Lysine and leucine function exclusively as ketogenic amino acids. Isoleucine, phenylalanine, threonine, tryptophan, and tyrosine function both as ketogenic and glucogenic amino acids.
Lysine, leucine, phenylalanine, and tryptophan are all considered essential amino acids—meaning the body cannot synthesize them on its own and they must be acquired through food or supplements. Leucine, for example, can be found in abundant quantities in cheese, soybeans, chicken, nuts, seeds, and seafood.
The branched-chain amino acids (BCAAs)—leucine, isoleucine, and valine—have particular relevance for keto dieters engaged in physical training, as they can help reduce exercise-related muscle damage, muscle soreness, and fatigue during exercise. However, many studies show that the most benefit can be derived from a well-formulated essential amino acid supplement rather than individual amino acid supplements.
For more information on the best amino acids to take to complement a keto diet, check out this article.
2. Beta-Hydroxybutyrate (BHB)
Beta-hydroxybutyrate (BHB) supplements, sometimes referred to as exogenous ketones, may be able to elevate ketone levels, among other desirable benefits.
As we've discussed, your body naturally produces ketone bodies through a process called ketogenesis. Some experts believe that exogenous ketones from an external source can increase your blood ketone levels, helping you reach a state of ketosis more quickly.
There's also some evidence to show that BHB supplements can counteract the fatigue and mood swings that some experience when they start the keto diet. Once you've entered ketosis, studies show that these same supplements may help to enhance athletic performance, decrease recovery time between training sessions, and lower appetite levels.

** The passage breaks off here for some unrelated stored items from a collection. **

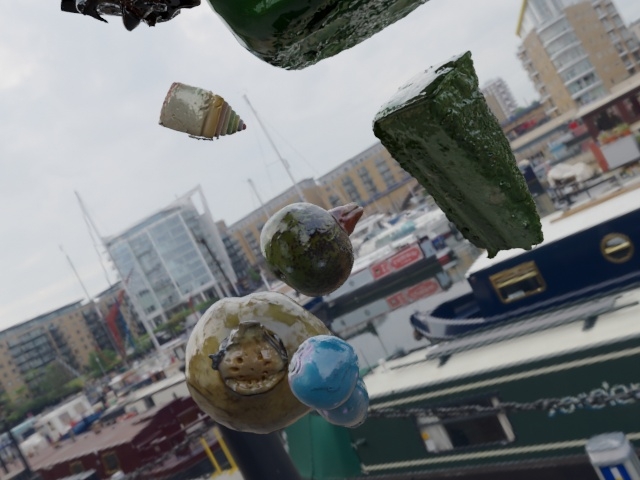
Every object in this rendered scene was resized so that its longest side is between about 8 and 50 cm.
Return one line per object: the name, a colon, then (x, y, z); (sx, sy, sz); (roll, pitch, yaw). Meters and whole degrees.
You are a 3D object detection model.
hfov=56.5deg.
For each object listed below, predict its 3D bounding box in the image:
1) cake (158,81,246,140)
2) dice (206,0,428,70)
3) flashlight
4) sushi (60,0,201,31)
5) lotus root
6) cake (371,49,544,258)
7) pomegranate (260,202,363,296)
cake: (-0.221, -0.255, 1.167); (0.109, 0.090, 0.225); (16, 15, 7)
dice: (0.006, -0.336, 0.498); (0.297, 0.300, 0.287); (-32, 2, 10)
flashlight: (0.013, 0.111, 0.435); (0.051, 0.051, 0.129); (-28, -36, -2)
sushi: (-0.328, -0.493, 1.057); (0.215, 0.212, 0.227); (-29, -32, -38)
lotus root: (-0.057, 0.122, 0.631); (0.154, 0.140, 0.257); (-2, 1, 3)
cake: (0.169, -0.090, 0.662); (0.100, 0.235, 0.099); (-10, 42, 53)
pomegranate: (0.000, 0.000, 1.290); (0.247, 0.214, 0.214); (-37, 2, -19)
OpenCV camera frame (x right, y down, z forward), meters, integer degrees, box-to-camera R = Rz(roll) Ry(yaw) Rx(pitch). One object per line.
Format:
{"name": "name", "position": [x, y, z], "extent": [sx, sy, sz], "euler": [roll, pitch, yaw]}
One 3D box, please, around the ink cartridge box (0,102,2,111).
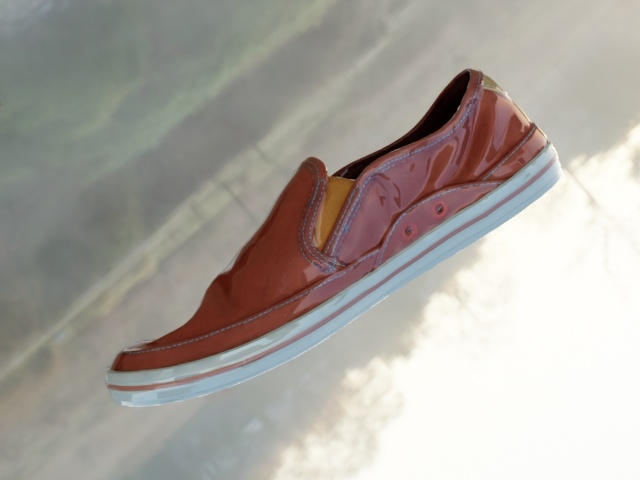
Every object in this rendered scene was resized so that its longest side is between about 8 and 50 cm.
{"name": "ink cartridge box", "position": [-0.425, -0.124, 1.199], "extent": [0.332, 0.165, 0.065], "euler": [-15, -162, -2]}

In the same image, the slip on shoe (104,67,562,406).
{"name": "slip on shoe", "position": [0.000, 0.000, 1.015], "extent": [0.331, 0.101, 0.123], "euler": [-33, -172, -12]}
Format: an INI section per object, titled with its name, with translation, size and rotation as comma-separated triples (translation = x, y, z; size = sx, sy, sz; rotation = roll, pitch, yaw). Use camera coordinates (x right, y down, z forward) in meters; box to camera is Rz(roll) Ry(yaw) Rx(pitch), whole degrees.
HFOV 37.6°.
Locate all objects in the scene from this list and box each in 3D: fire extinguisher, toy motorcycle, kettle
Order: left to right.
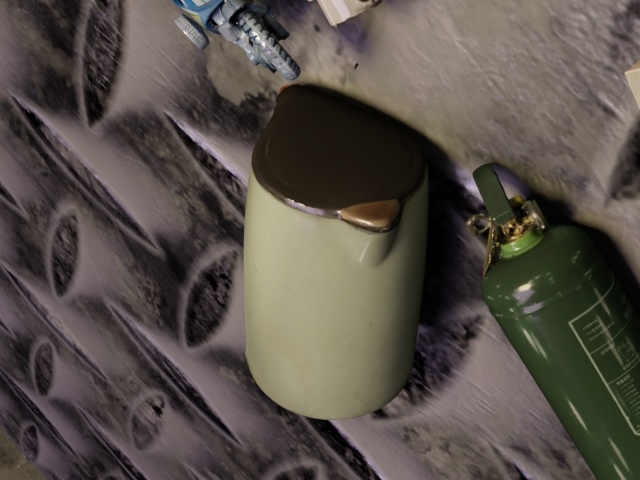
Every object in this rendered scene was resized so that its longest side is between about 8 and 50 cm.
[toy motorcycle]
translation = -0.100, -0.219, 0.744
size = 0.135, 0.092, 0.254
rotation = 41, -171, -48
[kettle]
translation = 0.000, 0.000, 0.849
size = 0.240, 0.165, 0.255
rotation = -120, 21, -43
[fire extinguisher]
translation = 0.206, 0.083, 0.733
size = 0.095, 0.114, 0.311
rotation = -30, 102, 17

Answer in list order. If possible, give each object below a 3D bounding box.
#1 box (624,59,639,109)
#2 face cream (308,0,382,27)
[box]
translation = 0.268, -0.065, 0.549
size = 0.129, 0.051, 0.130
rotation = -8, 116, 53
[face cream]
translation = -0.054, -0.311, 0.645
size = 0.105, 0.105, 0.348
rotation = -9, 115, 53
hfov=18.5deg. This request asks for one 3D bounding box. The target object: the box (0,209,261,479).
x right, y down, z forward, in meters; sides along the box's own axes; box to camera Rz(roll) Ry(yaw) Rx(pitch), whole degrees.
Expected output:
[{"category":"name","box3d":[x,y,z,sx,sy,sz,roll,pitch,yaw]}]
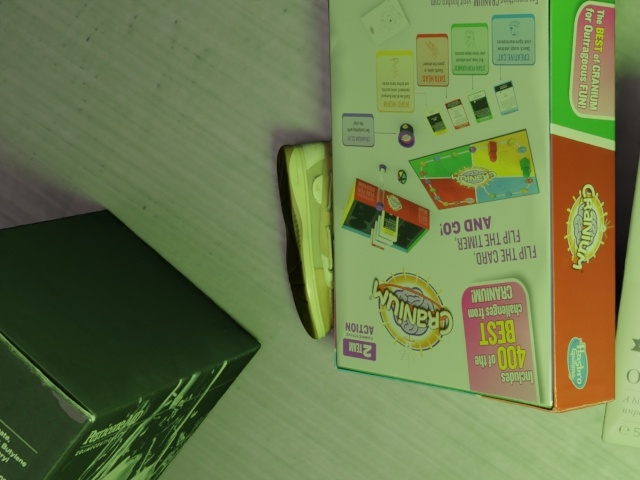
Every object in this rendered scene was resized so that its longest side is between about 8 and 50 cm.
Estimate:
[{"category":"box","box3d":[-0.249,0.160,1.458,0.179,0.343,0.312,40,106,10]}]

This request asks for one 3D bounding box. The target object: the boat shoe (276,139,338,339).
[{"category":"boat shoe","box3d":[-0.001,-0.001,1.524,0.048,0.056,0.153,-8,89,-14]}]

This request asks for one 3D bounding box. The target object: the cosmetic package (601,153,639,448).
[{"category":"cosmetic package","box3d":[0.330,0.042,1.390,0.224,0.138,0.224,8,97,15]}]

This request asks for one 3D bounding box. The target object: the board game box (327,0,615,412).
[{"category":"board game box","box3d":[0.104,-0.050,1.415,0.242,0.064,0.316,7,100,51]}]
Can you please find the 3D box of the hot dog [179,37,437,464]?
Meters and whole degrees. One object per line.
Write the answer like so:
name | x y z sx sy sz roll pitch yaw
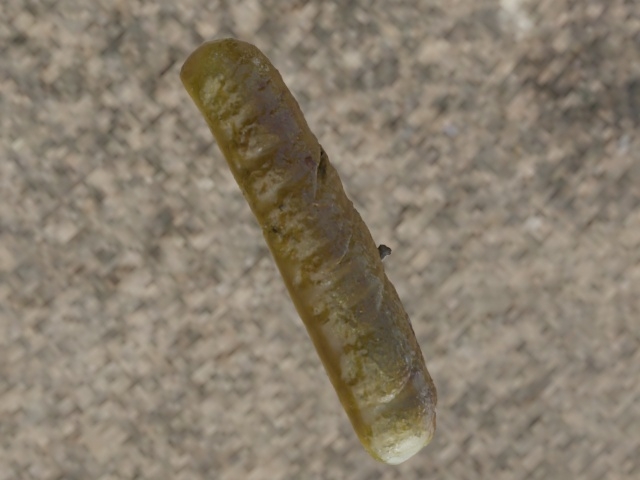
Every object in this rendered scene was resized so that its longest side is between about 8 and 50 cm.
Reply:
hot dog | -0.003 0.002 1.114 0.061 0.286 0.088 -30 175 20
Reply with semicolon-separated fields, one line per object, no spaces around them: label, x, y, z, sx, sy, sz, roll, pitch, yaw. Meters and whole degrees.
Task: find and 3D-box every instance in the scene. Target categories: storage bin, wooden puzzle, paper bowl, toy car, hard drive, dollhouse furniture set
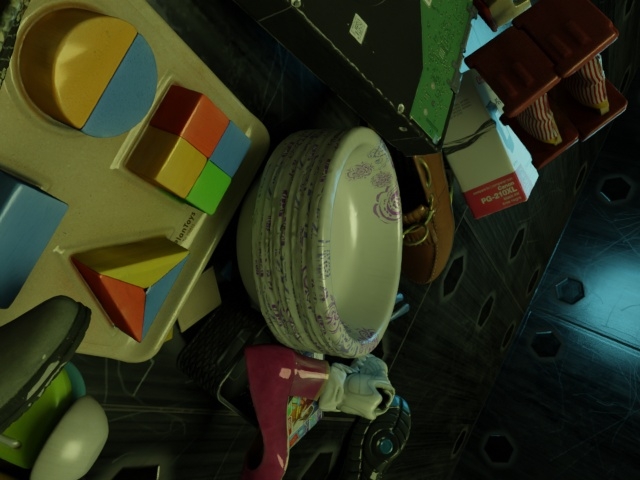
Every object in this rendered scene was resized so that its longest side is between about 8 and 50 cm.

Some general guidelines for a starting dosage for BHB supplements would be to take either 2 BHB oil capsules daily or 1 scoop of BHB oil powder on an empty stomach between meals with 16 ounces of water. You should limit yourself to three such doses per day.
Some individuals experience stomachaches when taking BHB supplements. If you experience digestive upset, try lowering your intake, then gradually increase to the ideal dose.

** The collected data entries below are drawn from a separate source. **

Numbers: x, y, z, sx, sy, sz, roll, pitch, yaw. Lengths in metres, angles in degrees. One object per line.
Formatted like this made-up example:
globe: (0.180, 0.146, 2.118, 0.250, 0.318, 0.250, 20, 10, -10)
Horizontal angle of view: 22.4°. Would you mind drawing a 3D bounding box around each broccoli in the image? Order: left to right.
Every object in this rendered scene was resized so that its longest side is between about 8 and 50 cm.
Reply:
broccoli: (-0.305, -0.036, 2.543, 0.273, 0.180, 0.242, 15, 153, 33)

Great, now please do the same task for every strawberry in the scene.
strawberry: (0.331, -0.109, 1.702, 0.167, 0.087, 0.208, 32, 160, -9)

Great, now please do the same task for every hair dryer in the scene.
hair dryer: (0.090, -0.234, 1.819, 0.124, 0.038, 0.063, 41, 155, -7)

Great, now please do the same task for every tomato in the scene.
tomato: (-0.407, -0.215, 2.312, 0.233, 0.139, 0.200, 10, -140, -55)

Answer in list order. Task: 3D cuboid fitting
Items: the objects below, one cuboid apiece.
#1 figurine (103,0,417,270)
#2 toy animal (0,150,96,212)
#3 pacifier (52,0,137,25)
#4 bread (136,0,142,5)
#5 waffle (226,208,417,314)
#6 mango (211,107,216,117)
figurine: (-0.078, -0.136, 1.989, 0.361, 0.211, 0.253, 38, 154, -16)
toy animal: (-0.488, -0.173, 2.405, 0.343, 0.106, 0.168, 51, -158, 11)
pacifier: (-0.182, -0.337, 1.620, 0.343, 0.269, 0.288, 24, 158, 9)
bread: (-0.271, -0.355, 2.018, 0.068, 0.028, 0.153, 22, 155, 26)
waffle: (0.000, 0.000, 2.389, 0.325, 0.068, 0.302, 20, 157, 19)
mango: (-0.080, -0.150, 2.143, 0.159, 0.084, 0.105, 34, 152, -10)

3. Medium-Chain Triglycerides (MCTs)
Medium-chain triglycerides (MCTs) can be an ideal tool for keto dieting. These fatty acids are used to form ketones in the liver, and supplementing with MCT oil can help you feel more satiated during the ketosis transition.
Keto-friendly coconut oil is a rich natural source of medium-chain triglycerides, although it provides a far less concentrated dose of MCTs than expressly manufactured MCT oils.
MCTs and amino acids work together synergistically. The presence of amino acids in the body supports the essential metabolic process by which the fatty acids are transformed into ketones, and a study published in the journal Comparative Biochemistry and Physiology determined that dietary fat, especially medium-chain fats, helps to regulate amino acid transport.
As researchers study these unique compounds found in healthy dietary fats, they continue to add to the long list of health benefits associated with an increased intake of MCTs, including:
- Increased fat burning during athletic activity
- Bolstered growth of good gut flora
- Lowered cardiovascular risks
- Protection against neurodegenerative disorders such as Alzheimer's disease
- Increased antibacterial, antiviral, and anti-fungal activity
As with BHB supplements, MCT oil supplements, such as these softgels, should be taken with water—in this case, at least an 8-ounce glass. Only one daily dose is needed.